CVS Caremark, joining the effort to keep people continuously enrolled, announced this week that people can pay their premiums at its 7,600 locations for no extra cost. A company spokesman said it expects newly insured consumers who don't have bank accounts to be most likely to use the service. Research shows that millions of uninsured people don’t have bank accounts – rates are particularly high among minority groups – which could challenge their ability to pay for new coverage. About one-quarter of people expected to qualify for premium subsidies, who earn between the federal poverty level and up to 400 percent FPL, don’t have bank accounts, according to Jackson Hewitt.
The District of Columbia’s exchange, D.C. Health Link, had begun discussing how to make sure people continue paying their premiums, executive director Mila Kofman said earlier this month. Those discussions have been put on the back burner in light of the Health Link’s decision to extend open enrollment through April 30, Kofman said this week. Those who are monitoring state-run exchanges said they expect an increased focus on the retention issue in the coming weeks and months.
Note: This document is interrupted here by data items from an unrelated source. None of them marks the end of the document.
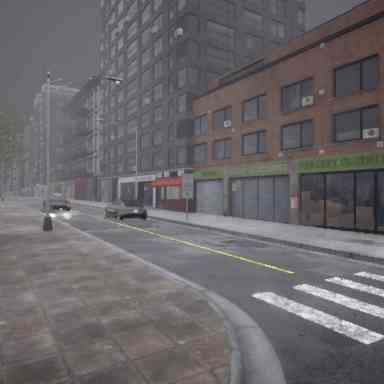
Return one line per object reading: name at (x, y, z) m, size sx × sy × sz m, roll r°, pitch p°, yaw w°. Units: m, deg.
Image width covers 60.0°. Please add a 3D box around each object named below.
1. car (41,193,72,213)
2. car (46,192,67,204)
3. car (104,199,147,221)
car at (-12.333, 1.042, 30.026) m, size 2.033 × 1.411 × 5.357 m, roll 0°, pitch 1°, yaw -32°
car at (-18.776, 0.843, 45.928) m, size 1.882 × 1.535 × 5.008 m, roll 0°, pitch 0°, yaw -32°
car at (-4.739, 1.203, 23.396) m, size 1.994 × 1.385 × 4.181 m, roll 0°, pitch 1°, yaw -32°
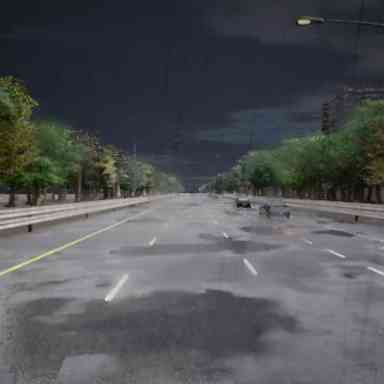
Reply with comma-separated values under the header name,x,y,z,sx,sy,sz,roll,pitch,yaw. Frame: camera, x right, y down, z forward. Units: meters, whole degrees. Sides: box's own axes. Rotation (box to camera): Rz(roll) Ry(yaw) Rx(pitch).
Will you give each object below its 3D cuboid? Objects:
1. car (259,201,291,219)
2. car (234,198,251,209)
name,x,y,z,sx,sy,sz,roll,pitch,yaw
car,6.998,1.499,28.569,2.128,1.511,4.902,0,0,0
car,7.023,1.523,46.899,1.882,1.535,5.008,0,0,0
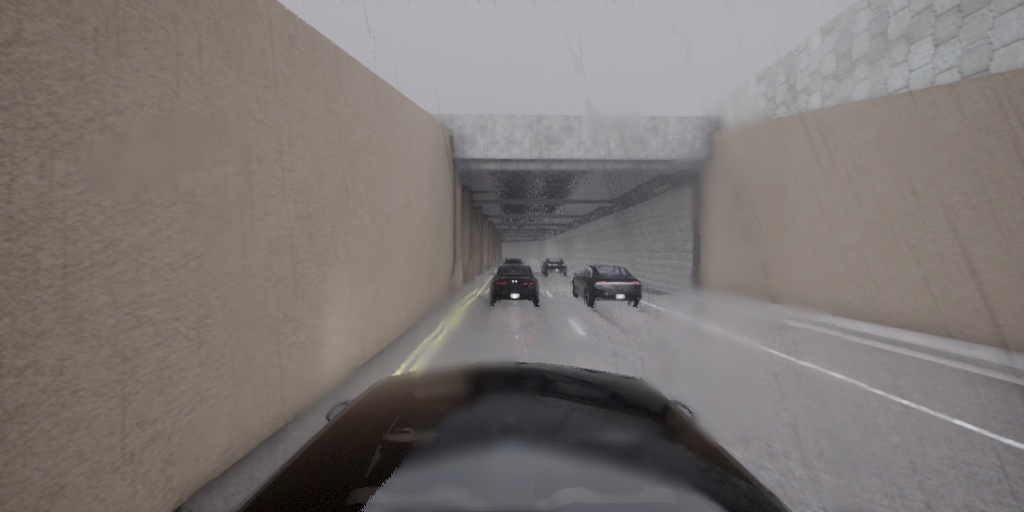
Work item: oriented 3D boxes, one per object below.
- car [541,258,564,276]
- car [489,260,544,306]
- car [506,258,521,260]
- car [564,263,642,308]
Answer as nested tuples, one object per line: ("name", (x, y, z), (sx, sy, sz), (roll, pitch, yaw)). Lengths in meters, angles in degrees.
("car", (3.602, 0.903, 31.181), (2.128, 1.511, 4.902), (0, 1, 0))
("car", (0.102, 1.104, 14.834), (1.837, 1.490, 4.892), (0, 1, 0))
("car", (0.103, 0.916, 31.250), (1.837, 1.490, 4.892), (0, 1, 0))
("car", (3.601, 1.097, 14.320), (2.128, 1.511, 4.902), (0, 1, 0))
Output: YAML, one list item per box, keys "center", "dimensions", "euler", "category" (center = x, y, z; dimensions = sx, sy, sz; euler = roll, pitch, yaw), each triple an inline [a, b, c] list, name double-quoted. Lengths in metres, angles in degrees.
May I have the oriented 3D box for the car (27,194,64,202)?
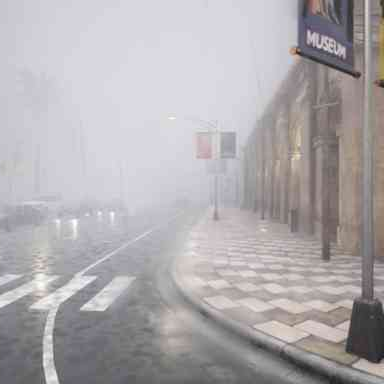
- center: [-13.888, 1.217, 31.258]
  dimensions: [2.150, 2.045, 5.566]
  euler: [0, 0, 5]
  category: "car"

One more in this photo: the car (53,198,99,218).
- center: [-10.453, 1.521, 30.244]
  dimensions: [1.812, 1.442, 4.674]
  euler: [0, 0, 5]
  category: "car"

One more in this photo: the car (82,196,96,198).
- center: [-13.043, 1.346, 41.548]
  dimensions: [2.097, 1.767, 4.553]
  euler: [0, 0, 5]
  category: "car"

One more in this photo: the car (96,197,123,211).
- center: [-9.649, 1.520, 40.100]
  dimensions: [1.812, 1.442, 4.674]
  euler: [0, 0, 5]
  category: "car"

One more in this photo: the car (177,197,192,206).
- center: [-1.215, 1.580, 54.438]
  dimensions: [1.837, 1.490, 4.892]
  euler: [-1, 0, 10]
  category: "car"

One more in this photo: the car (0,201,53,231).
- center: [-11.156, 1.544, 20.842]
  dimensions: [2.033, 1.411, 5.357]
  euler: [0, 0, 4]
  category: "car"
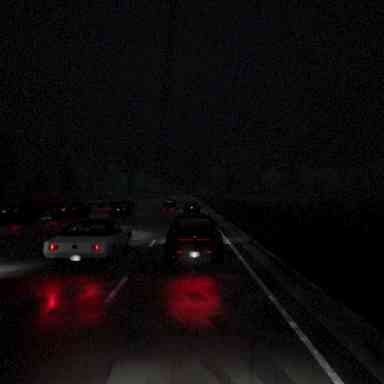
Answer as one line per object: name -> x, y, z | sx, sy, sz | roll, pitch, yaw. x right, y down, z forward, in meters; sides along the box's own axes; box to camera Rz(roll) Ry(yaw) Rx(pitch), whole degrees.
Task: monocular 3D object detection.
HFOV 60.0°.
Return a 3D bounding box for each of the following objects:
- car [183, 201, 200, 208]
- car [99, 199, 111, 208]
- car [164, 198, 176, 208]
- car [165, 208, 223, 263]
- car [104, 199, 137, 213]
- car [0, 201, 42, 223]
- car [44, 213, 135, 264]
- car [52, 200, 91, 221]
car -> -0.029, 1.773, 39.889 | 1.994, 1.385, 4.181 | 0, 0, 0
car -> -14.085, 1.822, 55.443 | 1.812, 1.442, 4.674 | 0, -1, 0
car -> -3.582, 1.779, 54.885 | 2.128, 1.511, 4.902 | 0, 0, 0
car -> 0.064, 1.571, 12.138 | 1.837, 1.490, 4.892 | 0, 0, 0
car -> -7.013, 1.728, 33.977 | 2.033, 1.411, 5.357 | 0, 0, 0
car -> -13.985, 1.501, 26.967 | 2.097, 1.767, 4.553 | 0, 0, 0
car -> -3.433, 1.666, 12.007 | 1.895, 1.301, 4.718 | 0, 0, 0
car -> -10.494, 1.511, 29.260 | 2.097, 1.767, 4.553 | 0, 0, 0
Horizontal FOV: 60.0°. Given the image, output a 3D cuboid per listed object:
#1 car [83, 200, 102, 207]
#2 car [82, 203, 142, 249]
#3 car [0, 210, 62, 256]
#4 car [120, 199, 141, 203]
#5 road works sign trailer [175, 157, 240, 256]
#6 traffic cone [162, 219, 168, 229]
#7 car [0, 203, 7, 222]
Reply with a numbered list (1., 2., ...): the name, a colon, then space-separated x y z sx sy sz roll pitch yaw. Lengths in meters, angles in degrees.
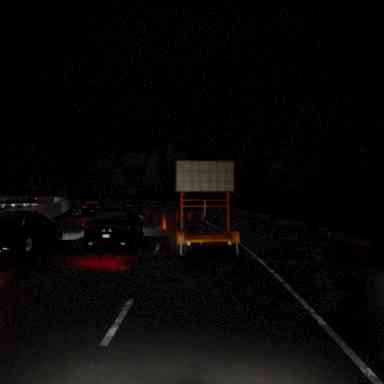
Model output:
1. car: -9.236 1.468 31.198 1.812 1.442 4.674 0 0 -13
2. car: -3.283 1.451 14.582 1.882 1.535 5.008 0 0 -3
3. car: -6.692 1.480 13.011 1.837 1.490 4.892 0 0 -2
4. car: -6.022 1.431 32.831 2.128 1.511 4.902 0 0 -13
5. road works sign trailer: 0.497 0.442 13.094 2.380 3.560 2.880 0 0 -5
6. traffic cone: -1.630 1.920 19.929 0.340 0.580 0.340 0 0 -5
7. car: -15.059 1.517 23.683 1.994 1.385 4.181 0 0 -10

Kofman said that earlier in the year Health Link contacted about 600 or 700 people who had signed up for a health plan but hadn’t paid the first month’s premium. Insurers contacted the same list, she said. “That resulted in a bunch of payments,” she said.
People are likely to shift in and out of coverage during the year. Research earlier this month projected that about 20 percent of enrollees in California’s exchange are likely to obtain employer coverage during the year, and another 20 percent will qualify for the state’s expanded Medicaid program. Even before Obamacare there were high turnover rates in the individual market, with as many of half of enrollees dropping out of the individual market within two years, according to the Kaiser Family Foundation.
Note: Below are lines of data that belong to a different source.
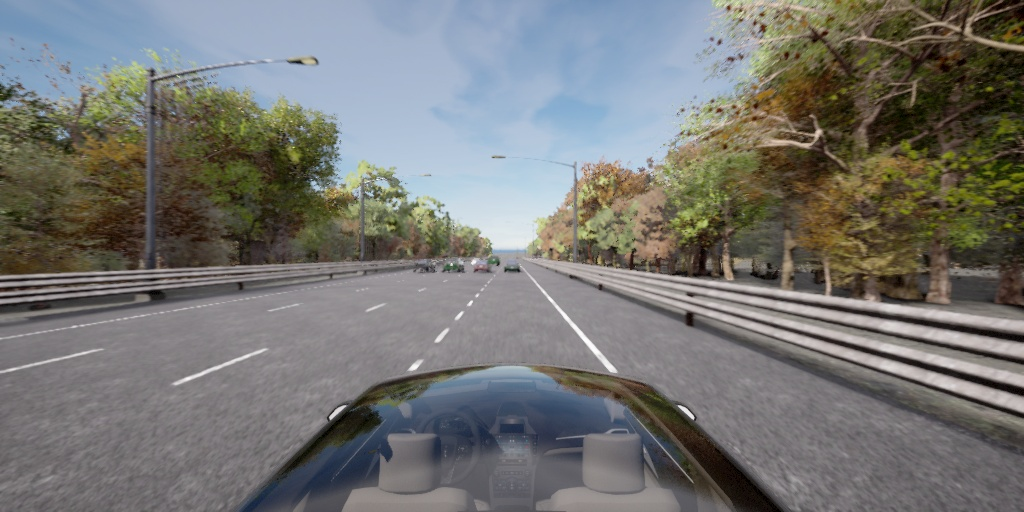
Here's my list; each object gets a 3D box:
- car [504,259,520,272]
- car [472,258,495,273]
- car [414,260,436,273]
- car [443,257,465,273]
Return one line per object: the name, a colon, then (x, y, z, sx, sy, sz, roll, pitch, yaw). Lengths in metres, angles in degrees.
car: (0.025, 1.268, 43.850, 1.994, 1.385, 4.181, 0, 0, 0)
car: (-3.484, 1.251, 42.740, 2.033, 1.411, 5.357, 0, 0, 0)
car: (-10.478, 1.208, 43.336, 1.837, 1.490, 4.892, 0, 0, 0)
car: (-6.979, 1.053, 43.522, 2.097, 1.767, 4.553, 0, 0, 0)
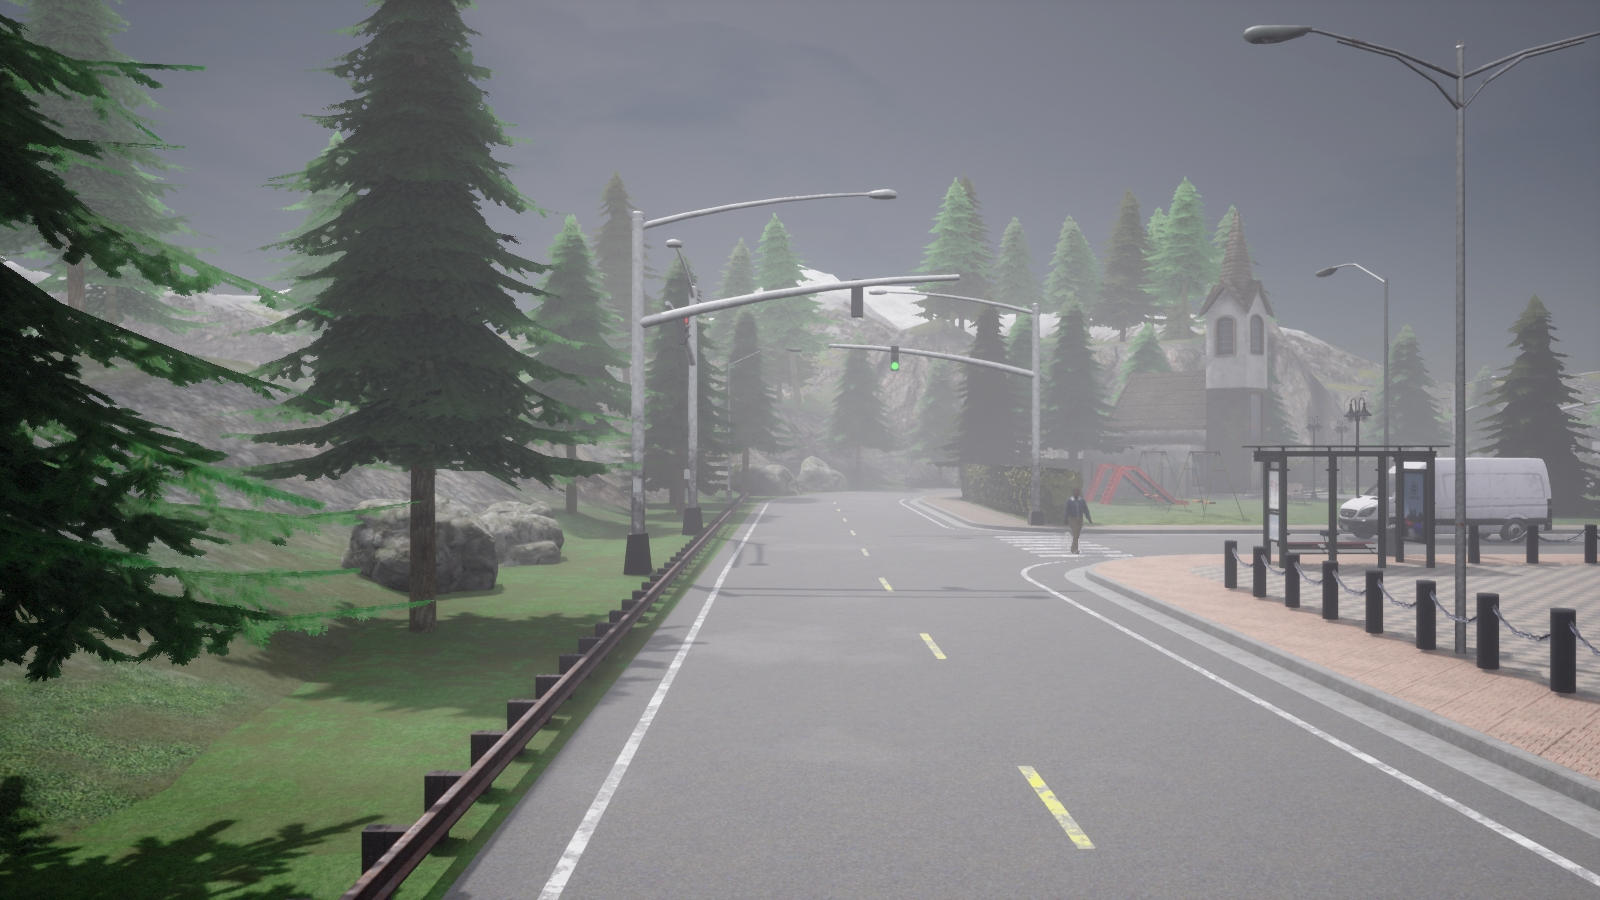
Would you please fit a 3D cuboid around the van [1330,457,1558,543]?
[{"bbox_3d":[19.746,1.515,35.223,5.915,2.561,1.988,0,0,0],"label":"van"}]

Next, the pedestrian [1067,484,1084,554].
[{"bbox_3d":[7.331,1.833,30.421,0.375,1.860,0.375,0,0,0],"label":"pedestrian"}]
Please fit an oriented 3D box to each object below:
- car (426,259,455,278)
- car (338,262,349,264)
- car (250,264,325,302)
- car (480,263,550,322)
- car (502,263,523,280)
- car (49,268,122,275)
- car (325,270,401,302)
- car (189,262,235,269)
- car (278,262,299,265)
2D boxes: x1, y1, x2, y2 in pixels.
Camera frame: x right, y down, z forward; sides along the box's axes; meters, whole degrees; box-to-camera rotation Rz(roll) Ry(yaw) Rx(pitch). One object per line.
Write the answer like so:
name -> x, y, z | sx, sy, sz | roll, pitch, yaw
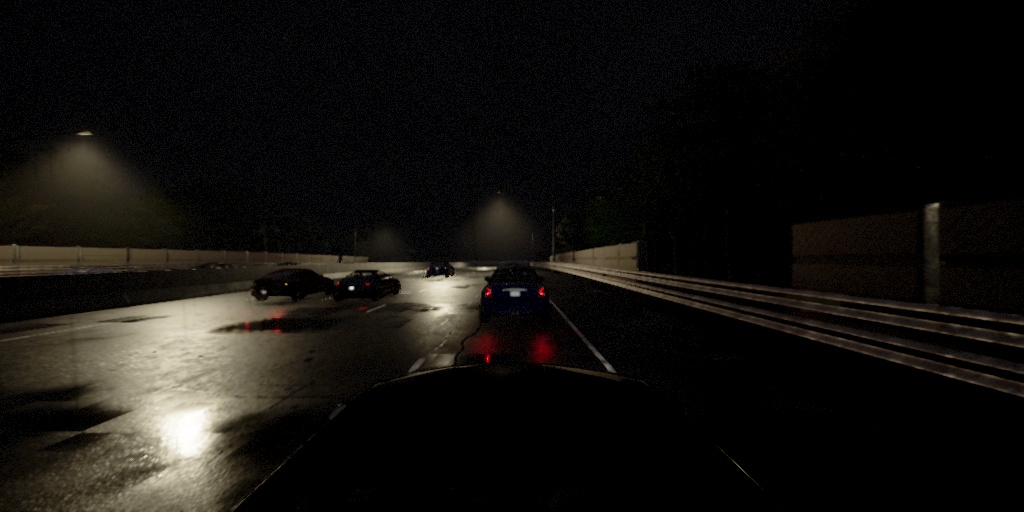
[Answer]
car -> -6.957, 1.217, 35.353 | 2.097, 1.767, 4.553 | 0, 0, 0
car -> -21.150, 1.515, 45.102 | 1.812, 1.442, 4.674 | 0, -1, 0
car -> -10.414, 1.324, 17.364 | 1.812, 1.442, 4.674 | 0, 0, 0
car -> 0.086, 1.124, 12.561 | 2.097, 1.767, 4.553 | 0, 0, 0
car -> 0.059, 1.365, 33.721 | 1.812, 1.442, 4.674 | 0, 0, 0
car -> -24.629, 1.379, 20.618 | 2.033, 1.411, 5.357 | 0, 0, 0
car -> -6.923, 1.356, 17.466 | 1.994, 1.385, 4.181 | 0, 0, 0
car -> -31.648, 1.440, 37.844 | 1.837, 1.490, 4.892 | 0, 0, 0
car -> -28.145, 1.508, 44.907 | 1.837, 1.490, 4.892 | 0, -1, 0

Insurers are also thinking about how they can keep the customers they won in the first year of Obamacare's expanded coverage. Industry observers say health plans are already interacting with new customers and slotting them into disease-management programs to build brand loyalty and increase their health profile.
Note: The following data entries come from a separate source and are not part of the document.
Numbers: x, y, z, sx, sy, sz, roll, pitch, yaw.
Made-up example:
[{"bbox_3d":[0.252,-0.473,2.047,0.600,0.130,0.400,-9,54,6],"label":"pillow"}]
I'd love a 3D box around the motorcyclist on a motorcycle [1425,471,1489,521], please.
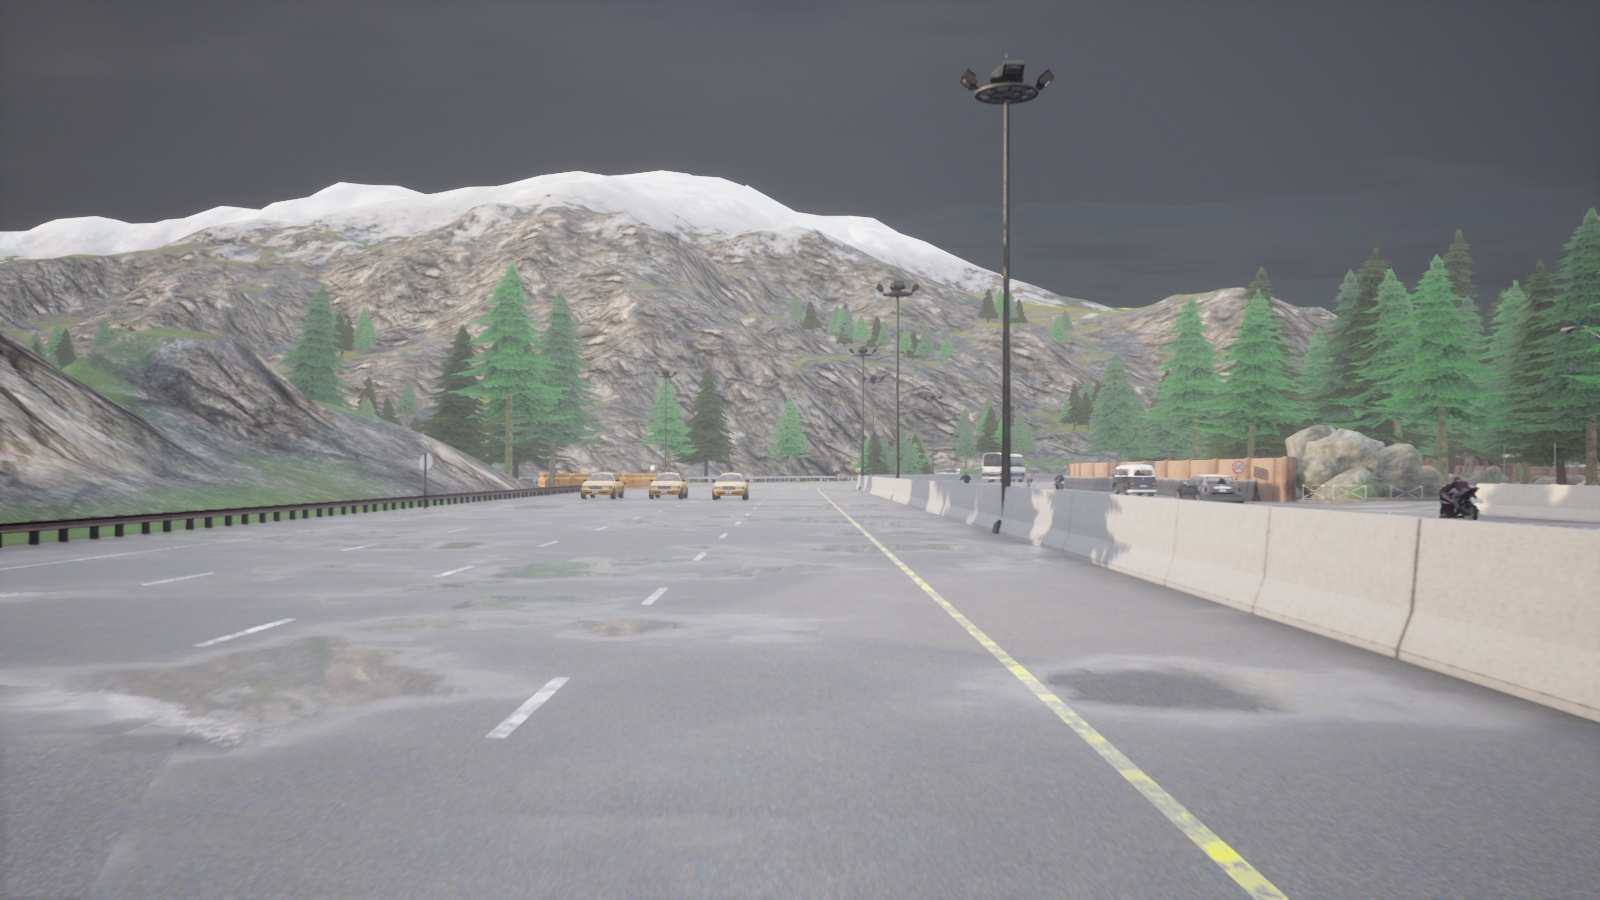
[{"bbox_3d":[20.903,1.436,39.996,0.866,1.530,2.191,0,-1,0],"label":"motorcyclist on a motorcycle"}]

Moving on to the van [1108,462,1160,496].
[{"bbox_3d":[20.808,1.770,78.407,2.069,2.038,4.480,0,-1,0],"label":"van"}]

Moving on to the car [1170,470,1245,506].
[{"bbox_3d":[17.369,1.609,53.695,1.970,1.475,3.806,0,-1,0],"label":"car"}]

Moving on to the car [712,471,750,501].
[{"bbox_3d":[-3.664,1.896,67.396,1.801,1.575,5.366,0,-1,0],"label":"car"}]

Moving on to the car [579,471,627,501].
[{"bbox_3d":[-10.666,1.939,68.286,1.801,1.575,5.366,0,-1,0],"label":"car"}]

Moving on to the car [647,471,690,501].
[{"bbox_3d":[-7.168,1.938,69.052,1.801,1.575,5.366,0,-1,0],"label":"car"}]

Arches Health Plan, a new insurance co-op funded by the health-care law, hired a longtime consumer advocate to engage with new customers. Arches said it captured about 20 percent to 23 percent of Utah's exchange enrollees, and the co-op hopes federal health officials will make it easy for people to re-enroll with the same health plans next year.
"That scares the hell out of me — to take all the work we did last year and we have to do that again," said Arches founder Shaun Greene.
Colorado's state-run exchange is also thinking about the next enrollment period. In a letter sent last week to the Centers for Medicare and Medicaid Services, Connect for Health Colorado asked federal officials to allow existing customers to renew earlier for 2015 plans.
While the health-care law bans insurers from denying people coverage or charging them more based on medical conditions, consumer advocates say they’ll be keeping tabs on the renewal process this year to make sure insurers aren’t trying to weed out sicker customers. Georgetown’s Schwartz explained, for example, that insurers might send more renewal reminders to patients who had fewer health-care claims.
“Marketing practices can be discriminatory, and that’s scary,” she said.
PwC's Connolly said that a big question for the next enrollment period is how many existing exchange customers take their business elsewhere, either in search of a cheaper option or for access to the care providers they want.
"Some may hear from friends about better things happening in other plans," Connolly said. "Word of mouth is quite powerful in health care."